Approach #3 Sliding Window Optimized [Accepted]

The above solution requires at most 2n steps. In fact, it could be optimized to require only n steps. Instead of using a set to tell if a character exists or not, we could define a mapping of the characters to its index. Then we can skip the characters immediately when we found a repeated character.

The reason is that if $$s[j]$$ have a duplicate in the range $$[i, j)$$ with index $$j'$$ , we don't need to increase $$i$$ little by little.

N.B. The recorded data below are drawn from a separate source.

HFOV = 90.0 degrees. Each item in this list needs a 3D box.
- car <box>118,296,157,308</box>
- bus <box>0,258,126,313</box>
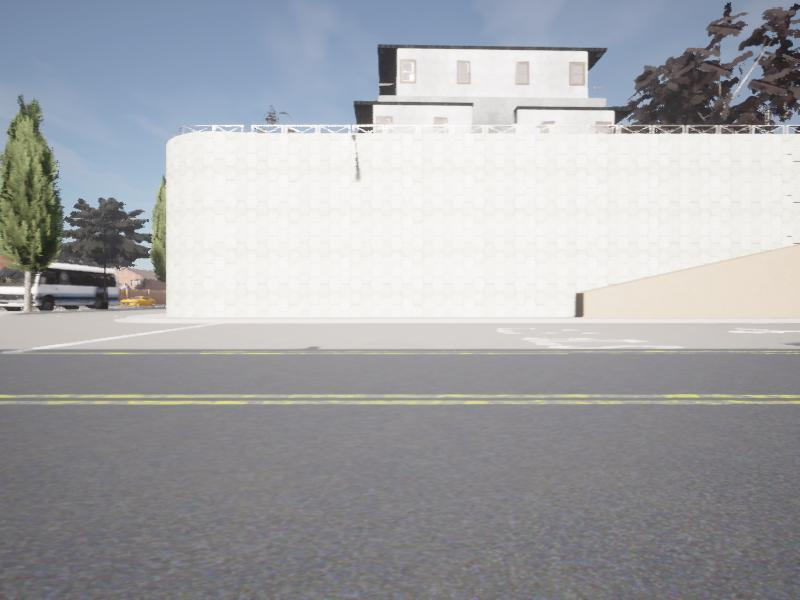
[{"bbox_3d":[-34.121,0.231,52.243,1.882,1.535,5.008,0,0,-1],"label":"car"},{"bbox_3d":[-30.339,-1.127,36.287,3.944,4.253,10.273,0,0,-1],"label":"bus"}]
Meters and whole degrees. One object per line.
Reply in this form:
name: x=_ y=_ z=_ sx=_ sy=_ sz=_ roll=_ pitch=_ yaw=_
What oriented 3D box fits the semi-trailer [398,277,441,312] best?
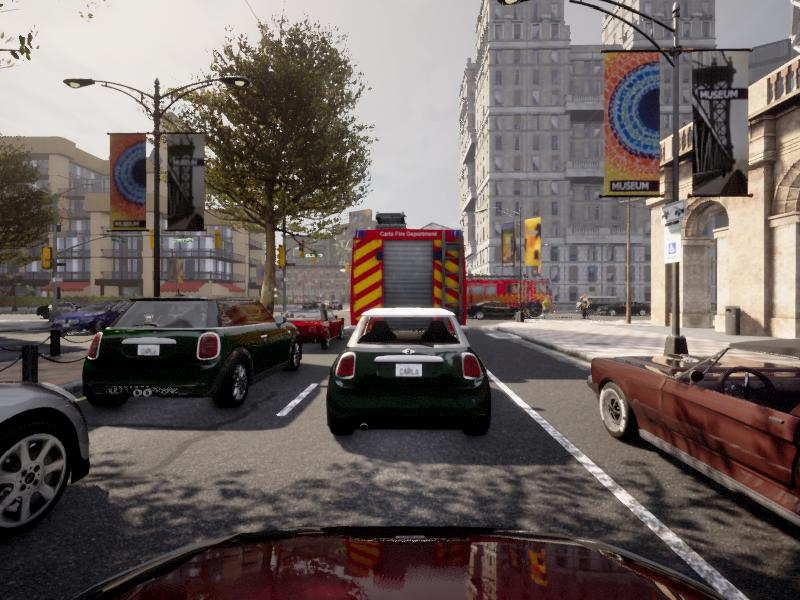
semi-trailer: x=2.402 y=-0.618 z=57.545 sx=2.717 sy=4.402 sz=14.254 roll=0 pitch=0 yaw=-12

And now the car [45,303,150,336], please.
car: x=-14.662 y=0.870 z=19.801 sx=1.812 sy=1.442 sz=4.674 roll=0 pitch=0 yaw=-2

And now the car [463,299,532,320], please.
car: x=7.959 y=0.771 z=32.930 sx=5.238 sy=1.638 sz=1.930 roll=1 pitch=0 yaw=1

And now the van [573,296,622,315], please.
van: x=21.300 y=0.599 z=43.240 sx=4.442 sy=1.987 sz=1.775 roll=0 pitch=0 yaw=1

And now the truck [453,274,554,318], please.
truck: x=9.226 y=-0.321 z=36.407 sx=8.468 sy=3.827 sz=2.891 roll=0 pitch=0 yaw=1

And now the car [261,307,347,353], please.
car: x=-3.218 y=0.944 z=14.445 sx=1.895 sy=1.301 sz=4.718 roll=0 pitch=0 yaw=1

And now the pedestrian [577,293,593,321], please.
pedestrian: x=12.566 y=0.485 z=27.179 sx=0.751 sy=1.860 sz=0.751 roll=0 pitch=0 yaw=-5

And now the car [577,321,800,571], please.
car: x=3.308 y=0.938 z=3.058 sx=1.895 sy=1.301 sz=4.718 roll=0 pitch=0 yaw=1

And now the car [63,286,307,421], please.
car: x=-3.355 y=0.694 z=7.527 sx=2.097 sy=1.767 sz=4.553 roll=0 pitch=0 yaw=1

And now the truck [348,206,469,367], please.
truck: x=0.274 y=-0.321 z=13.781 sx=2.891 sy=3.827 sz=8.468 roll=0 pitch=0 yaw=1

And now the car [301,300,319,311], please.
car: x=-13.798 y=0.815 z=61.323 sx=1.789 sy=1.549 sz=3.705 roll=0 pitch=0 yaw=1

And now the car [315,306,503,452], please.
car: x=0.119 y=0.853 z=6.110 sx=1.970 sy=1.475 sz=3.806 roll=0 pitch=0 yaw=1

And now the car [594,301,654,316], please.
car: x=22.181 y=0.844 z=39.726 sx=4.892 sy=1.490 sz=1.837 roll=0 pitch=0 yaw=1

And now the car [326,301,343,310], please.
car: x=-10.261 y=0.853 z=63.188 sx=1.970 sy=1.475 sz=3.806 roll=0 pitch=0 yaw=1

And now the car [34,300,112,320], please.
car: x=-27.058 y=0.824 z=33.244 sx=4.974 sy=1.542 sz=2.038 roll=0 pitch=0 yaw=4

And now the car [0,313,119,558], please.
car: x=-3.473 y=0.853 z=1.600 sx=1.970 sy=1.475 sz=3.806 roll=0 pitch=0 yaw=1

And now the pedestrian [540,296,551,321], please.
pedestrian: x=10.857 y=0.637 z=29.835 sx=0.751 sy=1.860 sz=0.751 roll=0 pitch=0 yaw=18

We can skip all the elements in the range $$[i, j']$$ and let $$i$$ to be $$j' + 1$$ directly.

Java (Using HashMap)

public class Solution {
    public int lengthOfLongestSubstring(String s) {
        int n = s.length(), ans = 0;
        Map<Character, Integer> map = new HashMap<>(); // current index of character
        // try to extend the range [i, j]
        for (int j = 0, i = 0; j < n; j++) {
            if (map.containsKey(s.charAt(j))) {
                i = Math.max(map.get(s.charAt(j)), i);
            }
            ans = Math.max(ans, j - i + 1);
            map.put(s.charAt(j), j + 1);
        }
        return ans;
    }
}

Java (Assuming ASCII 128)

The previous implements all have no assumption on the charset of the string s.

If we know that the charset is rather small, we can replace the Map with an integer array as direct access table.

Commonly used tables are:

• int[26] for Letters 'a' - 'z' or 'A' - 'Z'
• int[128] for ASCII
• int[256] for Extended ASCII

public class Solution {
    public int lengthOfLongestSubstring(String s) {
        int n = s.length(), ans = 0;
        int[] index = new int[128]; // current index of character
        // try to extend the range [i, j]
        for (int j = 0, i = 0; j < n; j++) {
            i = Math.max(index[s.charAt(j)], i);
            ans = Math.max(ans, j - i + 1);
            index[s.charAt(j)] = j + 1;
        }
        return ans;
    }
}

Complexity Analysis

• Time complexity : $$O(n)$$ . Index $$j$$ will iterate $$n$$ times.

• Space complexity (HashMap) : $$O(min(m, n))$$ . Same as the previous approach.

• Space complexity (Table): $$O(m)$$ . $$m$$ is the size of the charset.